Santa and the loan sharks

Shedding holiday weight won’t be people’s biggest problem after Christmas.

“The whole thing is a scam. Christmas was invented by Hallmark to sell cards.”

It’s a conspiracy theory that’s doing the rounds on the internet in one form or another.

The point of course being that Christmas is becoming less of a religious holiday and more of a commercial holiday.

Or maybe capitalism is the religion of choice in the 21st century?

One way or another, the “most wonderful time of the year” ironically brings people a lot of stress.

The act of gift giving is very nice in theory and in fairness some people truly enjoy it.

But for others it’s more of a burden. Even more so when money is tight and people have to turn more creative or buy on credit.

Last month I wrote how UK retailers brace for a cold Christmas this year. Today I want to look at the other side of the coin.

How do British Christmas shoppers cope with the annual festive period?

Spend now, worry later

When thinking of Santa Claus, people picture a round man with a white beard and coloured cheeks that match his bright red costume.

But he didn’t always look that way. Even Santa went through different phases before he settled on his now iconic look.

Before the 1930s Santa Claus showed up in some circles as a tall gaunt man wearing a bishop’s robe. In others he appeared as a small elf.

But ever since Coca-Cola got the old man hooked on their sugary drinks, that was it. Santa’s been walking around with a belly that shakes like a bowl full of jelly ever since.

Father Christmas’s transformation from a lean to a well-fed man is a nice metaphor for the way the Christmas period has developed.

What was once a religious holiday is now an opportunity to spend more than we can afford. All happily endorsed by brands that will spend a record £6bn on Christmas advertising in Britain this year.

In a previous article I mentioned that British consumers are expecting to spend less on Christmas compared to last year.

Not so strange when wage growth hasn’t been able to catch up with inflation for seven months in a row.

People have less money in their pockets and retailers, who have a lot riding on this time of the year, believe they will take a hit.

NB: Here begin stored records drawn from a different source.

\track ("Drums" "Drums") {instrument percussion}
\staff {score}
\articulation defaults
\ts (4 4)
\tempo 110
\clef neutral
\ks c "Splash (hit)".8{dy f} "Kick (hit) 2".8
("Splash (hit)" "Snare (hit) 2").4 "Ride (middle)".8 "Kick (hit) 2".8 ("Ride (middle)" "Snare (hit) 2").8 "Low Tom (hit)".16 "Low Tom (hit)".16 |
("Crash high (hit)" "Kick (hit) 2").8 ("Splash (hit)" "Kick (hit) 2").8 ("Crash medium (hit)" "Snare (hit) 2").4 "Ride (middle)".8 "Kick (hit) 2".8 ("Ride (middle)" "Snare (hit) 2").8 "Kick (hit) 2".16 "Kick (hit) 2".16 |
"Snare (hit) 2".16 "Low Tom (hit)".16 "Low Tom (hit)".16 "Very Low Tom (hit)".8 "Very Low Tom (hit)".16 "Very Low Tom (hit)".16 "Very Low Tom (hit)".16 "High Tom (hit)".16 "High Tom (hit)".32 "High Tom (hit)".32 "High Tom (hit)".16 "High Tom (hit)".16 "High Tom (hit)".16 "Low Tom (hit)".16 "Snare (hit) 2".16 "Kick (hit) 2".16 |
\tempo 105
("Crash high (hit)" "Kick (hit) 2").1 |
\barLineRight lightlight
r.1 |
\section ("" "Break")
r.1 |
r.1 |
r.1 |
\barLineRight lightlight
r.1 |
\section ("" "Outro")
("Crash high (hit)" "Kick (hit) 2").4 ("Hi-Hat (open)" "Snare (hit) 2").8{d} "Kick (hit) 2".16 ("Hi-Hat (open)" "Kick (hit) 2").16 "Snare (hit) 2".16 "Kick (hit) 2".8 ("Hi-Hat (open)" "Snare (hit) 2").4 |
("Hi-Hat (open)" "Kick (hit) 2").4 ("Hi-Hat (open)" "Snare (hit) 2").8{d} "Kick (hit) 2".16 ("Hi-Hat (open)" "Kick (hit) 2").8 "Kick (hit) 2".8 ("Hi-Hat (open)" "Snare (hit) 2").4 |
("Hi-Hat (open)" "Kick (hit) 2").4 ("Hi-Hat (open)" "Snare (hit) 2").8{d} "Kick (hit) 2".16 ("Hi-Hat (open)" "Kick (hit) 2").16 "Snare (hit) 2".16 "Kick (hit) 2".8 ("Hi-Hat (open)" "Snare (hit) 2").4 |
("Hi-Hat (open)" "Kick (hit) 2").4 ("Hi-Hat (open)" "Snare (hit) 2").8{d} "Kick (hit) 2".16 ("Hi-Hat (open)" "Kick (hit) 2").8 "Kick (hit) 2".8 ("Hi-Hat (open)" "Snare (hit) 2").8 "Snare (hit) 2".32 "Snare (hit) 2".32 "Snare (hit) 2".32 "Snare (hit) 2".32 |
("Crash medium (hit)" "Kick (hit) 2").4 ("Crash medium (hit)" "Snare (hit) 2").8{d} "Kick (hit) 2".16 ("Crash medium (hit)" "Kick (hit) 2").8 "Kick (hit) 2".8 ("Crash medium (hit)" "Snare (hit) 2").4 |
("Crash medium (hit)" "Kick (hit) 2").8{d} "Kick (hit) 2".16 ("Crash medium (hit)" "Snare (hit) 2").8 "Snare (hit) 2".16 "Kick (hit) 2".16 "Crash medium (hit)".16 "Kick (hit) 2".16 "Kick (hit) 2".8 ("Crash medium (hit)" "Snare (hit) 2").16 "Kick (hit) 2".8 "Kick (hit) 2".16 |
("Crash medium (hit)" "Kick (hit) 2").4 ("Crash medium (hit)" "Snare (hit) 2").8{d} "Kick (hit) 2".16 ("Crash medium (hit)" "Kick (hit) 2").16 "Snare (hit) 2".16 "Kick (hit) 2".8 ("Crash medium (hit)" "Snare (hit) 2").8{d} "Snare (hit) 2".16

Still, many will find it difficult to escape the festive spirit. Their motto must be: spend now, worry later.

A recent study found that one in four people “get caught up in the commercialism and feel under pressure to buy presents for their partner, despite not always being able to afford it,” it says in the Independent.

That’s the crux of the problem. The joyous festivities clearly become less joyful when you don’t have the money to lavishly spend on presents.

Christmas has become a social obligation that people find difficult to opt out from even when they don’t really have the money to participate.

So what do people do when they want to take part in all the Christmas glee anyway?

Christmas hangover

Well, they borrow.

About six in ten British households are taking out loans or using their credit cards to pay for Christmas gifts.

More than half of British families (56%) admit that they’re making “significant financial sacrifices” to put some presents under the Christmas tree.

For families with kids this figure is 76%.

I’m not surprised so many people turn to credit because it seems to have become readily available again.

This week alone I received two letters from companies suggesting I take out a line of credit with them. I can see why it tempts people to accept these offers, especially in the month December.

Only problem is that this short-term “joy” tends to turn into a long-term headache.

People delay paying rent, mortgage and other household bills while it takes households that choose to borrow on average four and a half months to pay back the money.

“Unsurprisingly many people want to forget financial problems at this time of year but splurging over Christmas is leaving many households with a hangover they can’t shift for several months,” savings expert Calum Bennie told IB Times.

“By all means enjoy the holidays, but don’t become too reckless in the face of peer pressure or idealised visions of what Christmas should be from TV advertising or retailers.”

I guess there’s never a good time to get into a lot of debt, but it could be even more problematic now.

Britain’s facing the longest fall in living standards for more than 60 years. Rather than taking out more credit, households should be building up reserves.

It looks like shedding holiday weight won’t be people’s biggest post-Christmas problem this year.